*** MATERIAL SHOWN Section Begins ***
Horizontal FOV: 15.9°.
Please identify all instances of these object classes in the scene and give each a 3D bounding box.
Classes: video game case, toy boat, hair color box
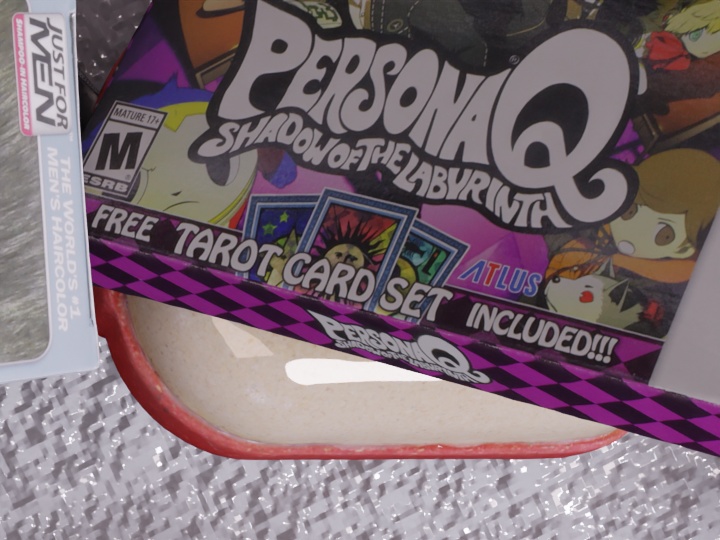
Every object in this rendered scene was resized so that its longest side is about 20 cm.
[{"bbox_3d":[0.043,-0.057,0.641,0.199,0.036,0.182,15,66,27],"label":"video game case"},{"bbox_3d":[0.000,0.000,0.772,0.199,0.131,0.131,3,71,-29],"label":"toy boat"},{"bbox_3d":[-0.152,-0.022,0.674,0.060,0.199,0.100,-6,94,-42],"label":"hair color box"}]

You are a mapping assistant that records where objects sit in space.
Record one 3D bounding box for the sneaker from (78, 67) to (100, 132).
[{"bbox_3d":[-0.115,0.000,0.776,0.113,0.075,0.202,-10,93,-4],"label":"sneaker"}]
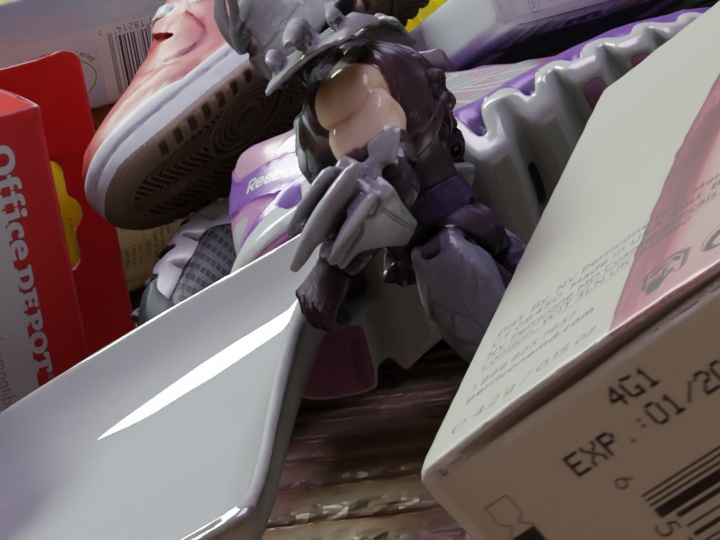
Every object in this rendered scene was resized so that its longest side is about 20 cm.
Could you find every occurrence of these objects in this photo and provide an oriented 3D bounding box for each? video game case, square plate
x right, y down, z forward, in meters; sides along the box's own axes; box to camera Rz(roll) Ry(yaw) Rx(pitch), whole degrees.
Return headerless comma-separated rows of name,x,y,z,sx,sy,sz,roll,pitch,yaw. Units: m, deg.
video game case,0.097,-0.091,0.982,0.181,0.023,0.200,-17,-4,-17
square plate,-0.089,0.074,0.742,0.198,0.028,0.200,-32,14,16

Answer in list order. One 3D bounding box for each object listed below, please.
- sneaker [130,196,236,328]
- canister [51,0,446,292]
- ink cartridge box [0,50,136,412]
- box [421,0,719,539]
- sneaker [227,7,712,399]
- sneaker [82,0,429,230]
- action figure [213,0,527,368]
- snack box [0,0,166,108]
sneaker,0.000,0.000,0.940,0.090,0.067,0.200,-1,19,29
canister,-0.068,-0.056,1.103,0.200,0.087,0.148,-23,24,-30
ink cartridge box,-0.156,0.011,0.906,0.200,0.116,0.067,-20,21,-25
box,0.116,0.015,0.673,0.109,0.128,0.200,-37,12,32
sneaker,0.043,-0.037,0.875,0.200,0.081,0.088,-22,31,-9
sneaker,-0.047,-0.107,0.955,0.112,0.071,0.200,39,65,14
action figure,0.026,-0.001,0.748,0.069,0.200,0.130,-41,-3,21
snack box,-0.166,-0.089,1.043,0.200,0.053,0.142,-16,25,-14
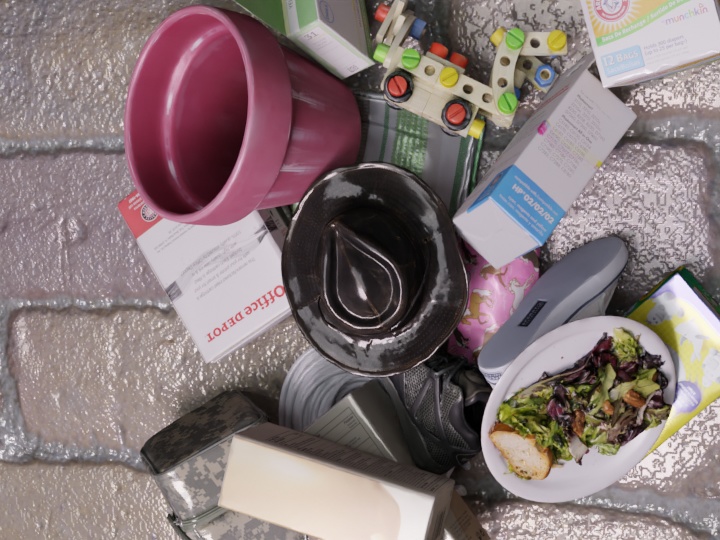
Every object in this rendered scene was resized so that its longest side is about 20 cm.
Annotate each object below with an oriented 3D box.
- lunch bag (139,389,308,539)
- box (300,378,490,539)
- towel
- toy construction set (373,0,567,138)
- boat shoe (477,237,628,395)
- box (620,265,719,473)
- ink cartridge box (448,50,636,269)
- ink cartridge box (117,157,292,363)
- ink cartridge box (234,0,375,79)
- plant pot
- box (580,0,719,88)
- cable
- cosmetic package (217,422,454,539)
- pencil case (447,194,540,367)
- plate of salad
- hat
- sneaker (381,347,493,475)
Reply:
[{"bbox_3d":[-0.134,0.238,1.400,0.138,0.200,0.169,-31,101,-13],"label":"lunch bag"},{"bbox_3d":[0.029,0.219,1.321,0.095,0.078,0.201,-38,83,22],"label":"box"},{"bbox_3d":[0.024,-0.108,1.373,0.197,0.031,0.152,12,102,20],"label":"towel"},{"bbox_3d":[0.090,-0.203,1.289,0.198,0.092,0.133,25,86,18],"label":"toy construction set"},{"bbox_3d":[0.198,0.059,1.271,0.074,0.202,0.087,4,133,51],"label":"boat shoe"},{"bbox_3d":[0.275,0.105,1.296,0.118,0.048,0.200,48,114,8],"label":"box"},{"bbox_3d":[0.177,-0.106,1.227,0.068,0.115,0.201,40,72,-6],"label":"ink cartridge box"},{"bbox_3d":[-0.144,-0.026,1.425,0.146,0.083,0.202,-32,85,24],"label":"ink cartridge box"},{"bbox_3d":[-0.064,-0.288,1.265,0.047,0.199,0.148,-21,63,25],"label":"ink cartridge box"},{"bbox_3d":[-0.103,-0.140,1.295,0.198,0.177,0.204,-4,84,44],"label":"plant pot"},{"bbox_3d":[0.268,-0.225,1.160,0.111,0.200,0.103,-15,93,23],"label":"box"},{"bbox_3d":[0.012,0.160,1.401,0.198,0.069,0.203,-22,89,24],"label":"cable"},{"bbox_3d":[-0.021,0.206,1.236,0.197,0.105,0.072,15,94,16],"label":"cosmetic package"},{"bbox_3d":[0.131,0.026,1.324,0.082,0.085,0.203,23,110,56],"label":"pencil case"},{"bbox_3d":[0.205,0.135,1.223,0.197,0.048,0.203,-8,118,-16],"label":"plate of salad"},{"bbox_3d":[0.000,0.000,1.225,0.197,0.081,0.204,0,91,19],"label":"hat"},{"bbox_3d":[0.070,0.088,1.283,0.114,0.076,0.202,-31,79,41],"label":"sneaker"}]
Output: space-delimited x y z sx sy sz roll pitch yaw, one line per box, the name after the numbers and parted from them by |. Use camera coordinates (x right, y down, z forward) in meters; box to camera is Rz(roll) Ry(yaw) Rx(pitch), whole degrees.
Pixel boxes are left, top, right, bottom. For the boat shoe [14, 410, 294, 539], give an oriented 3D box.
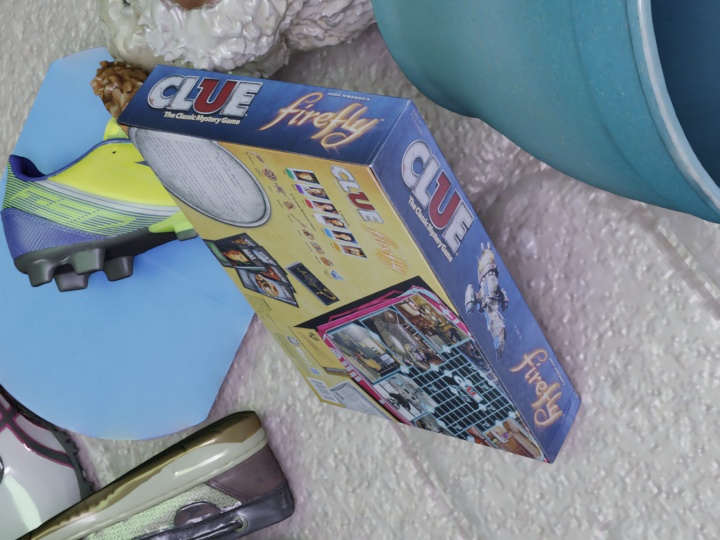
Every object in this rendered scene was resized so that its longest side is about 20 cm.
-0.123 0.143 0.876 0.200 0.072 0.066 -32 88 13 | boat shoe

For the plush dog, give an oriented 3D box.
-0.054 -0.147 0.806 0.171 0.160 0.202 -13 59 41 | plush dog

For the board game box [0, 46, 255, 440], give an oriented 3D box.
-0.115 -0.013 0.907 0.157 0.039 0.201 27 98 14 | board game box

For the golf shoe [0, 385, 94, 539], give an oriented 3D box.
-0.217 0.093 0.960 0.077 0.088 0.201 -42 67 27 | golf shoe

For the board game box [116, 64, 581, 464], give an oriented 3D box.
0.000 0.000 0.735 0.135 0.201 0.035 13 59 37 | board game box

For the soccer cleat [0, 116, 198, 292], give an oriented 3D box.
-0.087 -0.051 0.845 0.198 0.065 0.085 -16 79 15 | soccer cleat

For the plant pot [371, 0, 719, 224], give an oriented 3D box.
0.106 -0.121 0.656 0.187 0.199 0.202 13 97 51 | plant pot
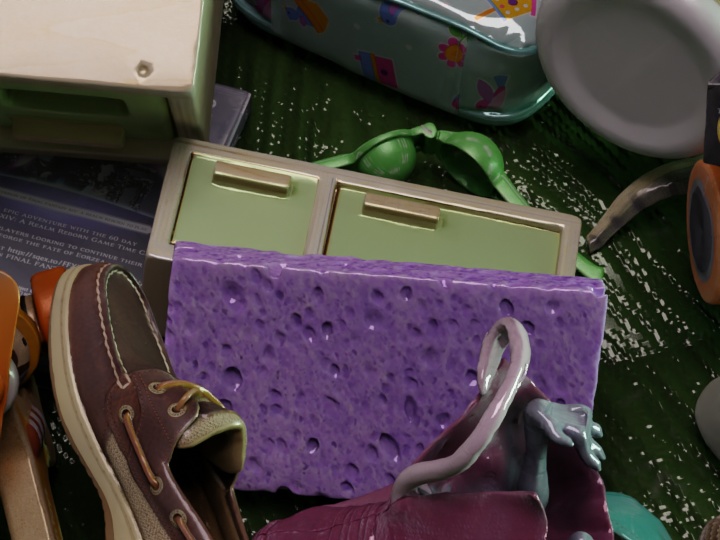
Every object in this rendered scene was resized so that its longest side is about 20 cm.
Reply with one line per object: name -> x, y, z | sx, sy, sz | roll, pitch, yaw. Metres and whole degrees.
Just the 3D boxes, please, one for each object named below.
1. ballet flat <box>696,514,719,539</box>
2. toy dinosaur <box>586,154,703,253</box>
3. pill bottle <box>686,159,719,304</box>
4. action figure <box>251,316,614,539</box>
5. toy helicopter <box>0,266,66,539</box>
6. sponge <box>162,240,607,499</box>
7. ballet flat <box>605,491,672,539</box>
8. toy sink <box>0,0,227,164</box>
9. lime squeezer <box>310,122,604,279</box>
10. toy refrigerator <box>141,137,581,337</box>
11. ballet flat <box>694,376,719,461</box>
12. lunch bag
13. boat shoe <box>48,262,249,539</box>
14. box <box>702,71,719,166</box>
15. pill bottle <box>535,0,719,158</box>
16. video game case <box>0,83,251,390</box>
ballet flat -> 0.238, 0.161, 1.260 | 0.200, 0.067, 0.046 | 29, 72, 25
toy dinosaur -> 0.204, -0.067, 1.449 | 0.200, 0.047, 0.088 | -10, 60, -6
pill bottle -> 0.261, -0.026, 1.380 | 0.200, 0.106, 0.106 | -5, 53, -6
action figure -> 0.009, 0.127, 1.223 | 0.200, 0.149, 0.134 | -14, 36, 27
toy helicopter -> -0.153, 0.080, 1.269 | 0.079, 0.132, 0.200 | -16, 74, -1
sponge -> 0.008, 0.051, 1.309 | 0.200, 0.112, 0.030 | 5, 16, 0
ballet flat -> 0.142, 0.173, 1.240 | 0.070, 0.067, 0.200 | -4, 40, -46
toy sink -> -0.135, -0.117, 1.390 | 0.130, 0.200, 0.112 | 5, 82, -1
lime squeezer -> 0.027, -0.040, 1.429 | 0.200, 0.038, 0.071 | 11, 81, 2
toy refrigerator -> 0.000, 0.000, 1.358 | 0.200, 0.070, 0.076 | 11, 53, 0
ballet flat -> 0.222, 0.083, 1.286 | 0.067, 0.064, 0.200 | -41, 46, -12
lunch bag -> 0.043, -0.170, 1.499 | 0.200, 0.077, 0.160 | 24, 54, 15
boat shoe -> -0.079, 0.079, 1.241 | 0.072, 0.072, 0.200 | -27, 61, 22
box -> 0.275, -0.090, 1.341 | 0.160, 0.044, 0.200 | 14, 31, 27
pill bottle -> 0.180, -0.157, 1.428 | 0.116, 0.116, 0.200 | 25, 50, 16
video game case -> -0.152, -0.031, 1.418 | 0.143, 0.019, 0.200 | 15, 52, 8
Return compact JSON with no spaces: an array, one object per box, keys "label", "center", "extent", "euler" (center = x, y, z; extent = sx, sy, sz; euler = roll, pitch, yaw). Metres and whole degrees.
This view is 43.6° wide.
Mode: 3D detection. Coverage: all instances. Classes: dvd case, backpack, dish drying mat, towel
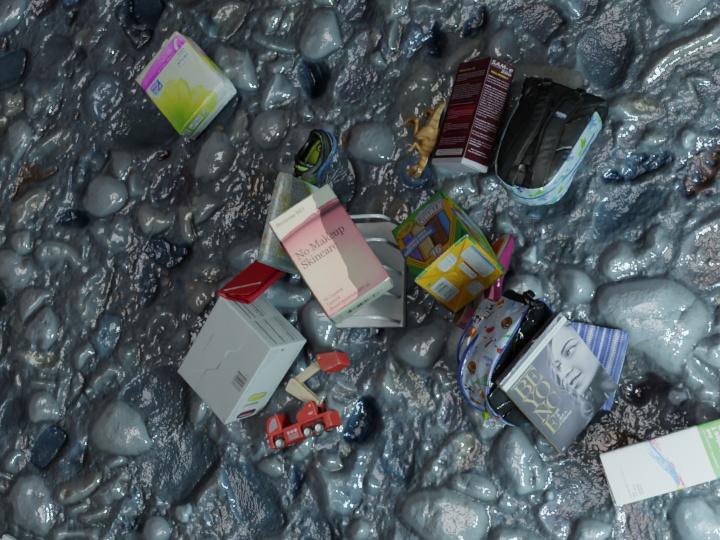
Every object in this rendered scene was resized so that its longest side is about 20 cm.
[{"label":"dvd case","center":[0.314,0.179,1.421],"extent":[0.149,0.200,0.016],"euler":[-48,30,-8]},{"label":"backpack","center":[0.243,0.147,1.464],"extent":[0.154,0.200,0.191],"euler":[8,61,51]},{"label":"backpack","center":[0.321,-0.212,1.573],"extent":[0.163,0.154,0.200],"euler":[21,69,23]},{"label":"dish drying mat","center":[-0.190,0.003,1.744],"extent":[0.077,0.200,0.018],"euler":[10,123,26]},{"label":"towel","center":[0.344,0.149,1.539],"extent":[0.200,0.024,0.145],"euler":[11,70,26]},{"label":"towel","center":[-0.115,-0.079,1.707],"extent":[0.048,0.200,0.171],"euler":[6,83,30]}]

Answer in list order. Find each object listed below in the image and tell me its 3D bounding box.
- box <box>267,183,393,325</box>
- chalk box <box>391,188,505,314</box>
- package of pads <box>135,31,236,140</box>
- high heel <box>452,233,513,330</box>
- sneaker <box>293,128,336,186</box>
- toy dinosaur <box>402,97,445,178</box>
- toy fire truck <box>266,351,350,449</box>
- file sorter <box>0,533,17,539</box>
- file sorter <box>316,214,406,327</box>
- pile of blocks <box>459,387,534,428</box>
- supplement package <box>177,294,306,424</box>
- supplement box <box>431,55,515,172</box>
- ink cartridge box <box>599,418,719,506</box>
[{"label":"box","center":[-0.049,-0.026,1.550],"extent":[0.128,0.109,0.200],"euler":[-34,79,-1]},{"label":"chalk box","center":[0.149,-0.047,1.603],"extent":[0.124,0.125,0.200],"euler":[-40,36,16]},{"label":"package of pads","center":[-0.376,-0.403,1.949],"extent":[0.155,0.068,0.200],"euler":[-46,68,13]},{"label":"high heel","center":[0.246,0.036,1.620],"extent":[0.096,0.067,0.200],"euler":[32,83,-18]},{"label":"sneaker","center":[-0.114,-0.191,1.788],"extent":[0.071,0.083,0.200],"euler":[24,92,26]},{"label":"toy dinosaur","center":[0.131,-0.266,1.680],"extent":[0.106,0.060,0.200],"euler":[-115,31,-41]},{"label":"toy fire truck","center":[-0.103,0.250,1.731],"extent":[0.200,0.049,0.141],"euler":[-24,72,20]},{"label":"file sorter","center":[-0.751,0.675,1.917],"extent":[0.200,0.125,0.139],"euler":[18,90,25]},{"label":"file sorter","center":[0.000,0.000,1.676],"extent":[0.139,0.125,0.200],"euler":[-2,81,23]},{"label":"pile of blocks","center":[0.267,0.244,1.551],"extent":[0.200,0.062,0.082],"euler":[16,44,28]},{"label":"supplement package","center":[-0.230,0.166,1.742],"extent":[0.156,0.111,0.200],"euler":[43,116,23]},{"label":"supplement box","center":[0.205,-0.282,1.644],"extent":[0.109,0.061,0.200],"euler":[13,87,63]},{"label":"ink cartridge box","center":[0.489,0.296,1.402],"extent":[0.200,0.145,0.084],"euler":[-22,73,20]}]
*** MATERIAL SHOWN Section Ends ***
# WHAT THE TASK ASKS
Determine, please, how many lines hold "list" in the records, and give that number by itself.

# RESPONSE BOX
2